_Directions_:
An exact copy of all records is expected, minus the images.

_Source records_:
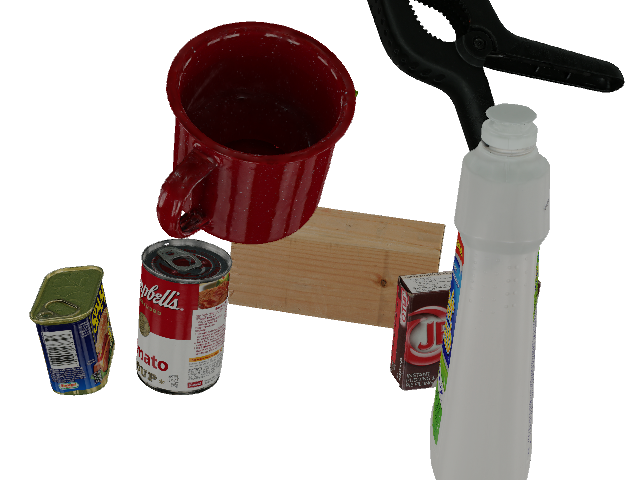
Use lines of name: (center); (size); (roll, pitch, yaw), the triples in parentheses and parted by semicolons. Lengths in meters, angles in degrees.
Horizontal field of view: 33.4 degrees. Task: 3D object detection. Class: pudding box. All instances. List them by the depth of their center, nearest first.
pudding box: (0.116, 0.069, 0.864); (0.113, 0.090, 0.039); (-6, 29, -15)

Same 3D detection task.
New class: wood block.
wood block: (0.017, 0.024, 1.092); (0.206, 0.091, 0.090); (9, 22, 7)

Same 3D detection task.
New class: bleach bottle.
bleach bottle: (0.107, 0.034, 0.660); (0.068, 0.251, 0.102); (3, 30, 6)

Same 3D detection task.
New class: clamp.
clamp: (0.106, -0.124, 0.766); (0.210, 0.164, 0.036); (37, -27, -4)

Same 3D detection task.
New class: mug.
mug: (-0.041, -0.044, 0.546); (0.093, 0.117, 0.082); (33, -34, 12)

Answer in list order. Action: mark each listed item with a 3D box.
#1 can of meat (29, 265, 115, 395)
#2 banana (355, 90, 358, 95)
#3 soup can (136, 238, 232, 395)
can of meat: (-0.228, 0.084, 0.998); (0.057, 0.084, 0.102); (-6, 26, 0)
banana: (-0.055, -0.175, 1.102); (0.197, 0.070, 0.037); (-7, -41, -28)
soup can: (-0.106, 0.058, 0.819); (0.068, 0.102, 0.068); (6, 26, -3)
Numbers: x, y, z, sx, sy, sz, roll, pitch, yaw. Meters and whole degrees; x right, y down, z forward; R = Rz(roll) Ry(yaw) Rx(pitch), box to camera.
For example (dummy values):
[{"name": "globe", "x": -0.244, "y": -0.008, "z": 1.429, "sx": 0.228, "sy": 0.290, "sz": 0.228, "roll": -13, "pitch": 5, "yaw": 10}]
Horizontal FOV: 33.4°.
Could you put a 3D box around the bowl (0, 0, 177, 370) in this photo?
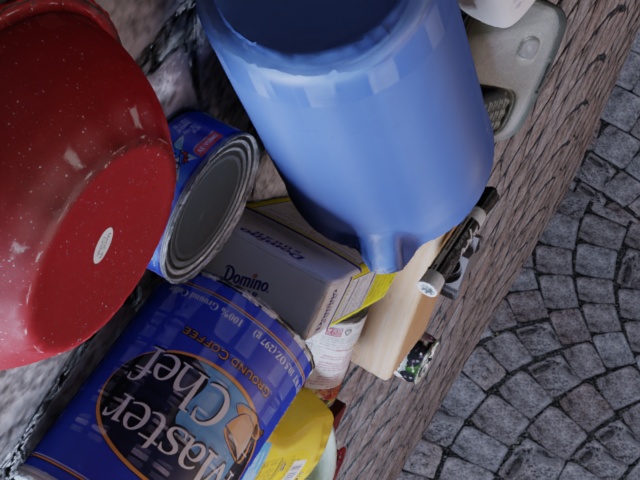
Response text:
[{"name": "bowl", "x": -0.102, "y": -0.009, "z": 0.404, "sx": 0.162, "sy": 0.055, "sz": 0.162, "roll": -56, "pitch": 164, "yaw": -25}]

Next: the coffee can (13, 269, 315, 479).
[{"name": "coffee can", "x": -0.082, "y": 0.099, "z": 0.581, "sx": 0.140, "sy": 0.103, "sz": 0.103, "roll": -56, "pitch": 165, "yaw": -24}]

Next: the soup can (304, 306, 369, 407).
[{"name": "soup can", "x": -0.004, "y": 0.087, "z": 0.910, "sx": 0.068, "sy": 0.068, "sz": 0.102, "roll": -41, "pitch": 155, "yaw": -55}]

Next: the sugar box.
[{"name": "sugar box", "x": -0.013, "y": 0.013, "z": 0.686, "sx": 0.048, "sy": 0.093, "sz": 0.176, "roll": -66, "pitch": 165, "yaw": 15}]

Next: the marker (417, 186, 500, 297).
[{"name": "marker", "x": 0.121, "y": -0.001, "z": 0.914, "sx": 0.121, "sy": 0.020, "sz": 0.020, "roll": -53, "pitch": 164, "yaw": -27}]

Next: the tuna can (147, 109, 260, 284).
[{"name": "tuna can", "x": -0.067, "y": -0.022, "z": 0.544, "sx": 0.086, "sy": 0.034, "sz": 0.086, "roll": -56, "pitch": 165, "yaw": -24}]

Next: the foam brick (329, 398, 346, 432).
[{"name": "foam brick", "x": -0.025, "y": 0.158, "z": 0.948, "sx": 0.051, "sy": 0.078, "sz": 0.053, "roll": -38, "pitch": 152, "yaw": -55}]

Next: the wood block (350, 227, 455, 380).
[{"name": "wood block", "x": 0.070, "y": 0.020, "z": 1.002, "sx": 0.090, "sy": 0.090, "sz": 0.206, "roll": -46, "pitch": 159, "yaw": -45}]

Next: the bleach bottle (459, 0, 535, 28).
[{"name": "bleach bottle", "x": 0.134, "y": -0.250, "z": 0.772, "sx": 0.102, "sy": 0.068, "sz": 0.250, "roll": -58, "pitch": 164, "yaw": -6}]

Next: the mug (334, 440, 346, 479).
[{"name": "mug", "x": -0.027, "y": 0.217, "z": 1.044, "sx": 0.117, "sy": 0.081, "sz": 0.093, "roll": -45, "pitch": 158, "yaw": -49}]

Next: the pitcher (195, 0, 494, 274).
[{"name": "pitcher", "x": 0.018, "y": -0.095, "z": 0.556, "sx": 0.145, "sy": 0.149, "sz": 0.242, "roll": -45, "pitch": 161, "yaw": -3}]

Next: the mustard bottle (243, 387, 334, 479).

_Response to this task_:
Use lines of name: (center); (size); (roll, pitch, yaw), the triples in parentheses and parted by semicolons. Lengths in meters, angles in degrees.
Horizontal field of view: 33.4 degrees. Task: 3D object detection. Class: pudding box. All instances. List them by the depth of their center, nearest first.
pudding box: (0.116, 0.069, 0.864); (0.113, 0.090, 0.039); (-6, 29, -15)

Same 3D detection task.
New class: wood block.
wood block: (0.017, 0.024, 1.092); (0.206, 0.091, 0.090); (9, 22, 7)

Same 3D detection task.
New class: bleach bottle.
bleach bottle: (0.107, 0.034, 0.660); (0.068, 0.251, 0.102); (3, 30, 6)

Same 3D detection task.
New class: clamp.
clamp: (0.106, -0.124, 0.766); (0.210, 0.164, 0.036); (37, -27, -4)

Same 3D detection task.
New class: mug.
mug: (-0.041, -0.044, 0.546); (0.093, 0.117, 0.082); (33, -34, 12)

Answer in list order. Action: mark each listed item with a 3D box.
#1 can of meat (29, 265, 115, 395)
#2 banana (355, 90, 358, 95)
#3 soup can (136, 238, 232, 395)
can of meat: (-0.228, 0.084, 0.998); (0.057, 0.084, 0.102); (-6, 26, 0)
banana: (-0.055, -0.175, 1.102); (0.197, 0.070, 0.037); (-7, -41, -28)
soup can: (-0.106, 0.058, 0.819); (0.068, 0.102, 0.068); (6, 26, -3)
Numbers: x, y, z, sx, sy, sz, roll, pitch, yaw. Meters and whole degrees; x right, y down, z forward; R = Rz(roll) Ry(yaw) Rx(pitch), box to camera.
For example (dummy values):
[{"name": "globe", "x": -0.244, "y": -0.008, "z": 1.429, "sx": 0.228, "sy": 0.290, "sz": 0.228, "roll": -13, "pitch": 5, "yaw": 10}]
Horizontal FOV: 33.4°.
Could you put a 3D box around the bowl (0, 0, 177, 370) in this photo?
Response text:
[{"name": "bowl", "x": -0.102, "y": -0.009, "z": 0.404, "sx": 0.162, "sy": 0.055, "sz": 0.162, "roll": -56, "pitch": 164, "yaw": -25}]

Next: the coffee can (13, 269, 315, 479).
[{"name": "coffee can", "x": -0.082, "y": 0.099, "z": 0.581, "sx": 0.140, "sy": 0.103, "sz": 0.103, "roll": -56, "pitch": 165, "yaw": -24}]

Next: the soup can (304, 306, 369, 407).
[{"name": "soup can", "x": -0.004, "y": 0.087, "z": 0.910, "sx": 0.068, "sy": 0.068, "sz": 0.102, "roll": -41, "pitch": 155, "yaw": -55}]

Next: the sugar box.
[{"name": "sugar box", "x": -0.013, "y": 0.013, "z": 0.686, "sx": 0.048, "sy": 0.093, "sz": 0.176, "roll": -66, "pitch": 165, "yaw": 15}]

Next: the marker (417, 186, 500, 297).
[{"name": "marker", "x": 0.121, "y": -0.001, "z": 0.914, "sx": 0.121, "sy": 0.020, "sz": 0.020, "roll": -53, "pitch": 164, "yaw": -27}]

Next: the tuna can (147, 109, 260, 284).
[{"name": "tuna can", "x": -0.067, "y": -0.022, "z": 0.544, "sx": 0.086, "sy": 0.034, "sz": 0.086, "roll": -56, "pitch": 165, "yaw": -24}]

Next: the foam brick (329, 398, 346, 432).
[{"name": "foam brick", "x": -0.025, "y": 0.158, "z": 0.948, "sx": 0.051, "sy": 0.078, "sz": 0.053, "roll": -38, "pitch": 152, "yaw": -55}]

Next: the wood block (350, 227, 455, 380).
[{"name": "wood block", "x": 0.070, "y": 0.020, "z": 1.002, "sx": 0.090, "sy": 0.090, "sz": 0.206, "roll": -46, "pitch": 159, "yaw": -45}]

Next: the bleach bottle (459, 0, 535, 28).
[{"name": "bleach bottle", "x": 0.134, "y": -0.250, "z": 0.772, "sx": 0.102, "sy": 0.068, "sz": 0.250, "roll": -58, "pitch": 164, "yaw": -6}]

Next: the mug (334, 440, 346, 479).
[{"name": "mug", "x": -0.027, "y": 0.217, "z": 1.044, "sx": 0.117, "sy": 0.081, "sz": 0.093, "roll": -45, "pitch": 158, "yaw": -49}]

Next: the pitcher (195, 0, 494, 274).
[{"name": "pitcher", "x": 0.018, "y": -0.095, "z": 0.556, "sx": 0.145, "sy": 0.149, "sz": 0.242, "roll": -45, "pitch": 161, "yaw": -3}]

Next: the mustard bottle (243, 387, 334, 479).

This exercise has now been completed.